Zo’n echt bot is opgebouwd uit hydroxyapatiet (een vorm van calciumfosfaat) en collageen-eiwit. Het eerste materiaal is hard en bros, het tweede is soepel en taai. De combinatie is hard maar niet bros, en taai maar niet echt soepel. En dat is vooral te danken aan de manier waarop de materialen op nanoschaal door elkaar gevlochten zitten: het apatiet zorgt voor de stijfheid en het collageen dissipeert energie en voorkomt zo dat de botstructuur het lokaal begeeft.

Het parelmoer van schelpdieren zit ongeveer net zo in elkaar.

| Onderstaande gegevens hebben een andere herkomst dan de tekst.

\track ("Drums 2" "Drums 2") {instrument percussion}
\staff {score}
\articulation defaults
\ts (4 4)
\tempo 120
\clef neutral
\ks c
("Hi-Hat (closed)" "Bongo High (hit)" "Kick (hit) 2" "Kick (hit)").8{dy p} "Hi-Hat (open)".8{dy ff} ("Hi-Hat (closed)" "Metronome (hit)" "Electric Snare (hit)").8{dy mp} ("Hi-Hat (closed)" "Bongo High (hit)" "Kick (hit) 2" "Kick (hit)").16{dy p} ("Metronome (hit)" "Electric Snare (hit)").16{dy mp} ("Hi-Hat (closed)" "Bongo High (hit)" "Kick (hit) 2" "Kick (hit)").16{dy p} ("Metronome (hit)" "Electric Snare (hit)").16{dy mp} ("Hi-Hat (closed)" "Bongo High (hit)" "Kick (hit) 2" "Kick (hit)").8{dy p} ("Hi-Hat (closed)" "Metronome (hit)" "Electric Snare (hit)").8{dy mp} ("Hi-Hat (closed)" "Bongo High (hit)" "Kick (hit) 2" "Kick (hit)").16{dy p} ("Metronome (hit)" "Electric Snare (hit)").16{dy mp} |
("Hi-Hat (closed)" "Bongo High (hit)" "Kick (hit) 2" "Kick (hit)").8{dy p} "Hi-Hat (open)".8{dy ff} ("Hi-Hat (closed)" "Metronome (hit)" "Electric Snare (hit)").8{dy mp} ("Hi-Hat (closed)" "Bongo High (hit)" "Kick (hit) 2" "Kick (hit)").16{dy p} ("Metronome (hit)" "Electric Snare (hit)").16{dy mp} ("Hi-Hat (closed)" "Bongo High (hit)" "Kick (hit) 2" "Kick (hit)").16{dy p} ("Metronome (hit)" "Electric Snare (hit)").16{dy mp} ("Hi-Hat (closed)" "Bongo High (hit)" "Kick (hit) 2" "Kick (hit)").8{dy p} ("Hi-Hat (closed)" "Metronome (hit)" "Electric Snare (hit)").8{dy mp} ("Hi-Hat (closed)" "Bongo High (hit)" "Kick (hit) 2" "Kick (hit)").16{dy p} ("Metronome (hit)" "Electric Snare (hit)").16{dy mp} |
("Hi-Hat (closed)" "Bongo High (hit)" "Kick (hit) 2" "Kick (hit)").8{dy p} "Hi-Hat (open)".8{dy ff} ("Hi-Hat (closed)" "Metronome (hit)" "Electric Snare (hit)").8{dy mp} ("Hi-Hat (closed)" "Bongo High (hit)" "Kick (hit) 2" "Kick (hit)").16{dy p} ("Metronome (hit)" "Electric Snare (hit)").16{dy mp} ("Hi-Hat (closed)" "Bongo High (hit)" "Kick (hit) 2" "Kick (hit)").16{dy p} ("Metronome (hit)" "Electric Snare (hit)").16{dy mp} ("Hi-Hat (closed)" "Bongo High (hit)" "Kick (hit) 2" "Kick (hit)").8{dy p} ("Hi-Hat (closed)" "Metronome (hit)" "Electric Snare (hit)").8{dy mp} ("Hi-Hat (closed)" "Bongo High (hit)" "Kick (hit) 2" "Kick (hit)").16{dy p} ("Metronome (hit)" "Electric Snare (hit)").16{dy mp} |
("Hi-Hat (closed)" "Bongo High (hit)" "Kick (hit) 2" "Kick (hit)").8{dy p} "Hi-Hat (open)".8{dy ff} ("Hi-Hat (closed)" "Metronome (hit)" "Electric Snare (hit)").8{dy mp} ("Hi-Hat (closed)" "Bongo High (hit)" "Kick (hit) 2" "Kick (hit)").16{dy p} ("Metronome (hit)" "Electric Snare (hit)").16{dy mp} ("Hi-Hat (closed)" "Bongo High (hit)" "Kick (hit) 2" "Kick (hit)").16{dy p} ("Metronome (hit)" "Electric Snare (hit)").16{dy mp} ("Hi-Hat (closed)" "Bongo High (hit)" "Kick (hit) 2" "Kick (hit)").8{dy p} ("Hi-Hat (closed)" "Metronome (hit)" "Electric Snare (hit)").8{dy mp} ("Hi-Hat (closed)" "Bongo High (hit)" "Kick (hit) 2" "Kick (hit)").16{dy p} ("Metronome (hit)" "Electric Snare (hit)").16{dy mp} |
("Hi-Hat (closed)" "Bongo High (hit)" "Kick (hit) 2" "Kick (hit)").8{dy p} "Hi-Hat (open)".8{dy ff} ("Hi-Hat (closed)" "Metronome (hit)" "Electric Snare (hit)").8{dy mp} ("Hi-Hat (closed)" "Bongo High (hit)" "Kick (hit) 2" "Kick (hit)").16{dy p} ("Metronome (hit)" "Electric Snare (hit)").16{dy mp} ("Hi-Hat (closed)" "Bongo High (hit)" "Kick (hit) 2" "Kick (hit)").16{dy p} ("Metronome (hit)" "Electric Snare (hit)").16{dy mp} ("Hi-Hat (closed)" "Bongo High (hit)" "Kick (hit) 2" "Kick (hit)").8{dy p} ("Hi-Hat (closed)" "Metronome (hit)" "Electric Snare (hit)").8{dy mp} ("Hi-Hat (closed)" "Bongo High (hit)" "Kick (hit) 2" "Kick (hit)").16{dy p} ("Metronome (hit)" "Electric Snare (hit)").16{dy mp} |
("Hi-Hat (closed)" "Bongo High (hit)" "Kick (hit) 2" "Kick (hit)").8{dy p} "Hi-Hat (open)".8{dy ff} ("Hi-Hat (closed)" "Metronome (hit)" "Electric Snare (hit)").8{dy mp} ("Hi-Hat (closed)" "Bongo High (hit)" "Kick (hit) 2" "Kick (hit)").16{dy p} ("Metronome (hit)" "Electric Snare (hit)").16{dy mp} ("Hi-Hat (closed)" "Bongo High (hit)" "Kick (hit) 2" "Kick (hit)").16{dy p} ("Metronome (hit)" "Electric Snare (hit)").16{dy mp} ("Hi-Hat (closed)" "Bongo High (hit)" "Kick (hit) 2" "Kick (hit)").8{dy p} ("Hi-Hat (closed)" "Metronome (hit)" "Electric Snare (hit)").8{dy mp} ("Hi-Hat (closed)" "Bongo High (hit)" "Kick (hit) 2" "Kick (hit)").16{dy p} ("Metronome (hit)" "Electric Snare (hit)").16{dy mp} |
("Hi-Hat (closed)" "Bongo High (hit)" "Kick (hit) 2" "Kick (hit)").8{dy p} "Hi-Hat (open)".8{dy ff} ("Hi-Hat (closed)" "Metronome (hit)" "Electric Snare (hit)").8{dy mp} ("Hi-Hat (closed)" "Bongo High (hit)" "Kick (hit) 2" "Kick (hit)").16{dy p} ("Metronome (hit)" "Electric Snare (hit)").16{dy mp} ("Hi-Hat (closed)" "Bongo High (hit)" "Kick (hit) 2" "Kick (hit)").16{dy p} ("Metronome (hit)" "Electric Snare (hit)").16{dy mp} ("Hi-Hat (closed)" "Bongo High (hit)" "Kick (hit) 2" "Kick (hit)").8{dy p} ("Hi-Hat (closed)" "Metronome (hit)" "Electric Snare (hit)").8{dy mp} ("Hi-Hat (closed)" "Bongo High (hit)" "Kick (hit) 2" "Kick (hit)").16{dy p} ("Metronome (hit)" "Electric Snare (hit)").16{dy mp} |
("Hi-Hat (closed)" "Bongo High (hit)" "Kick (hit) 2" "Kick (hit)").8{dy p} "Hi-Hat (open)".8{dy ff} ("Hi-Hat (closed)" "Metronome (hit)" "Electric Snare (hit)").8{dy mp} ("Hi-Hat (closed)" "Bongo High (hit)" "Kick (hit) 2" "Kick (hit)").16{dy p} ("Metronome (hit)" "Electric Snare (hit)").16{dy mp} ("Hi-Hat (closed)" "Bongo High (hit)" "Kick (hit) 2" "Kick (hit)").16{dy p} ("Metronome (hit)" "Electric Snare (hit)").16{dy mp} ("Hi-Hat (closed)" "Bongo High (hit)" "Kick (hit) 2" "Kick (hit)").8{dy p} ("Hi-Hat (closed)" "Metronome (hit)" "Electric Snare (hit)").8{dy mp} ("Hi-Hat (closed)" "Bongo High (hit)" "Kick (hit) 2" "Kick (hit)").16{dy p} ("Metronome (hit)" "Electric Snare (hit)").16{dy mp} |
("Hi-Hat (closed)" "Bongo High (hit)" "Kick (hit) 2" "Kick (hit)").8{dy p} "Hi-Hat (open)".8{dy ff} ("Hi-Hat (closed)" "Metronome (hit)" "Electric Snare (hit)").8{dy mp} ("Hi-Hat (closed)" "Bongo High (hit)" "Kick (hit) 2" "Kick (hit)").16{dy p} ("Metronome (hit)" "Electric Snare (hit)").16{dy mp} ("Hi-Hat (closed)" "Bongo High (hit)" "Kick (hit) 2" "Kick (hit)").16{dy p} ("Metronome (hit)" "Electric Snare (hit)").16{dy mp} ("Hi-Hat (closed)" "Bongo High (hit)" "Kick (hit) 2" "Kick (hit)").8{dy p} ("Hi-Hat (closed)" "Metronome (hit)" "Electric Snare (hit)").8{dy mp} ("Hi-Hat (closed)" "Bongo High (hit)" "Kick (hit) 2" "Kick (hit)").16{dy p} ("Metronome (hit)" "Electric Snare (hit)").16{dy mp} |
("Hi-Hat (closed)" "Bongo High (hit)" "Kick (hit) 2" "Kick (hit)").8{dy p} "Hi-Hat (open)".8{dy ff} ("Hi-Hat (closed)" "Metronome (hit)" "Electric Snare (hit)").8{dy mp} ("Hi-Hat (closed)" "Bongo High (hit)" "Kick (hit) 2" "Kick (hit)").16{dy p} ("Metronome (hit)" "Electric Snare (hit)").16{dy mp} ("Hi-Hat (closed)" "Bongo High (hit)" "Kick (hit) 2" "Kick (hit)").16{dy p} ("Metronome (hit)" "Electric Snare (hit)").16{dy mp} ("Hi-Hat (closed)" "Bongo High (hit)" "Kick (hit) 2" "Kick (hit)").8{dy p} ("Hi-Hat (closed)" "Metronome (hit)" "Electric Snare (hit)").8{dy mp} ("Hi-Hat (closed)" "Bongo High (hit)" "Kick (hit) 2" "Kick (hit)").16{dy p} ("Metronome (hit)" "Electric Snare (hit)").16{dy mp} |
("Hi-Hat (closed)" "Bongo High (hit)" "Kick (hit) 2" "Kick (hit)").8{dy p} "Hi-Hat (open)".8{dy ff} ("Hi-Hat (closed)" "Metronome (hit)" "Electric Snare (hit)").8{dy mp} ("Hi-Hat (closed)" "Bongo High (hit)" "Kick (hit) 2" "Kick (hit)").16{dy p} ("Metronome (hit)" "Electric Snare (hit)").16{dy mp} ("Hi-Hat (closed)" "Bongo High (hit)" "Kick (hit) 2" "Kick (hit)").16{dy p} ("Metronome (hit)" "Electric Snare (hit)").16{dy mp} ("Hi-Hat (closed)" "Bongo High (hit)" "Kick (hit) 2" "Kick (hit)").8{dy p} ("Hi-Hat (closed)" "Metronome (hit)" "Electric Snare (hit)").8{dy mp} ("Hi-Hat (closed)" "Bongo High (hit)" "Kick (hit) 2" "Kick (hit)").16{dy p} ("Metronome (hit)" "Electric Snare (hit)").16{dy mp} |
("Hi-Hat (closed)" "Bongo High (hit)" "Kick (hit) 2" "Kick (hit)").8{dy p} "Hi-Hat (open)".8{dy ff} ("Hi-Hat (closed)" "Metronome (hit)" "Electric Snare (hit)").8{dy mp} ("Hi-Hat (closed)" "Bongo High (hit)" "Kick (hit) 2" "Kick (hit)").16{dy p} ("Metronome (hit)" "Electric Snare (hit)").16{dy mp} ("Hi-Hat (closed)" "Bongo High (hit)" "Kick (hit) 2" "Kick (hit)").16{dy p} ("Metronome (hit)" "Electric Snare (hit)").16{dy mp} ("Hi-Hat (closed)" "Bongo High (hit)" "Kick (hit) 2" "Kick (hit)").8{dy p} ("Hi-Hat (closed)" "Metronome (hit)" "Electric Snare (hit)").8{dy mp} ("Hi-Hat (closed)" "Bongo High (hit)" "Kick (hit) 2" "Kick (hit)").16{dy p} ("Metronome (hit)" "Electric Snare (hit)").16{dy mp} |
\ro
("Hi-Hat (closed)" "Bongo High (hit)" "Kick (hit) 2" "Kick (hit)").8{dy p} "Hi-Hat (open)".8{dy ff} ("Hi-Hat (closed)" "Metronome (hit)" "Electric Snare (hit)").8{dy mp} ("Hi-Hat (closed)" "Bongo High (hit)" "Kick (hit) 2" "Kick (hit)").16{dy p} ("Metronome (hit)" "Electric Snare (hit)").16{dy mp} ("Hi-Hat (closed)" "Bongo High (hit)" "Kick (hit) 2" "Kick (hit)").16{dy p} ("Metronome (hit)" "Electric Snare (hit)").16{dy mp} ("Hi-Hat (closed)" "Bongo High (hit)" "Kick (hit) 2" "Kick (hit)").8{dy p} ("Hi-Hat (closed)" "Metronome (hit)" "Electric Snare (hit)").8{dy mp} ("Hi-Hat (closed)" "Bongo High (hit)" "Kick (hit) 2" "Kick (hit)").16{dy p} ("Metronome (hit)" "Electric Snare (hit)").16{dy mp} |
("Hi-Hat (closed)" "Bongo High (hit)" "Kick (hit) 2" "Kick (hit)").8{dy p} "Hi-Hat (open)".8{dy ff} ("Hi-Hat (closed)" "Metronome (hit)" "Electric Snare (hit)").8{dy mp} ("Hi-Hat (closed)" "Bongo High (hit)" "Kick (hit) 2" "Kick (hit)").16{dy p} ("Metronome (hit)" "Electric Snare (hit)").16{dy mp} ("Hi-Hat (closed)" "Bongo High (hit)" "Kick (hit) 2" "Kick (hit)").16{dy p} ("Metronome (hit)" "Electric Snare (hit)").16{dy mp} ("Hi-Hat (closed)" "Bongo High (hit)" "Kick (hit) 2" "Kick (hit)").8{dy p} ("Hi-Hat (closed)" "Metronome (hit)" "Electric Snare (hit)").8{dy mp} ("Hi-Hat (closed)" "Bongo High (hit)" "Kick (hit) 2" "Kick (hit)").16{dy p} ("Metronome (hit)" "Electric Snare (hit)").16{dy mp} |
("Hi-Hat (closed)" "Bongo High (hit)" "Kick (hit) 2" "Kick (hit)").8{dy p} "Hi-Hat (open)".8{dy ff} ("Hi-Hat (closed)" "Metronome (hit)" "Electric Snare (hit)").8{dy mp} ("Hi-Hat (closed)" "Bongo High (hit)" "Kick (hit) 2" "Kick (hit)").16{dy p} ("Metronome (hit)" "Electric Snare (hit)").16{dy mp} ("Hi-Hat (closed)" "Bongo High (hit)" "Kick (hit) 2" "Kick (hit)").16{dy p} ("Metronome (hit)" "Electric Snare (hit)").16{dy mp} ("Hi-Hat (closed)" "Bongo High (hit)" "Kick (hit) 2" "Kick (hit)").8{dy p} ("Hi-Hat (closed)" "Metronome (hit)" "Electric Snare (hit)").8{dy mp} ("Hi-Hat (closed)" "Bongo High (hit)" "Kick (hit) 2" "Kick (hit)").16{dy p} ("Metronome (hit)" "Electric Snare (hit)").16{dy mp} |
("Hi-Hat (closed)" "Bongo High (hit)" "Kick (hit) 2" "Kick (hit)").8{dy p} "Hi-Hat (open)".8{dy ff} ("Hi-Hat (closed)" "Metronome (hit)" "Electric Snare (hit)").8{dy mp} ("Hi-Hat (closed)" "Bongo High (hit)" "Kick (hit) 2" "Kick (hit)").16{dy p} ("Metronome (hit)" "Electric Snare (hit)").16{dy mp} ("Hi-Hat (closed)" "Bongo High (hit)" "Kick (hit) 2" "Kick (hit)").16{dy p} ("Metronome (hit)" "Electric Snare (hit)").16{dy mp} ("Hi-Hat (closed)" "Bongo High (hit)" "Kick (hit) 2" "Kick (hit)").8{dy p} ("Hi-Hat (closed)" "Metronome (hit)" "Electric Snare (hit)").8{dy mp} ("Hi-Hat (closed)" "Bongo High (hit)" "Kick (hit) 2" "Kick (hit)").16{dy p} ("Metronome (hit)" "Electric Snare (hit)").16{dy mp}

In Nature Communications publiceerden Markus Buehler en collega’s onlangs al een analyse van die botstructuur. Met hulp van 3D-printerproducent Stratasys hebben ze nu de volgende stap gezet, in de vorm van een computermodel dat zulke structuren nabootst en binnen een paar uur uitprint.

Met de tweekops-printer hebben ze tot nu toe drie composieten uitgeprobeerd. De eerste lijkt sterk op natuurlijk bot en parelmoer: onder de microscoop lijkt het op metselwerk, met bakstenen van harde kunststof en mortel van een zachtere variant. Nummer twee simuleert het mineraal calciet: ook metselwerk, maar nu zijn de stenen zacht en de mortel hard. Nummer drie heeft een meer diamantvormige structuur, die lijkt op slangenhuid.

Zoals verwacht bleek materiaal nummer één het stevigst. De breuksterkte ligt een factor 20 boven die van de sterkste kunststof die er in verwerkt zit.

Buehler lijkt overigens niet op het printen van botten te mikken maar op veel grotere structuren met instelbare mechanische eigenschappen. Als je printer groot genoeg is en voldoende koppen heeft moet je een compleet huis kunnen printen inclusief elektrische bedrading, loodgieterswerk en spouwmuurisolatie, zo voorspelt hij.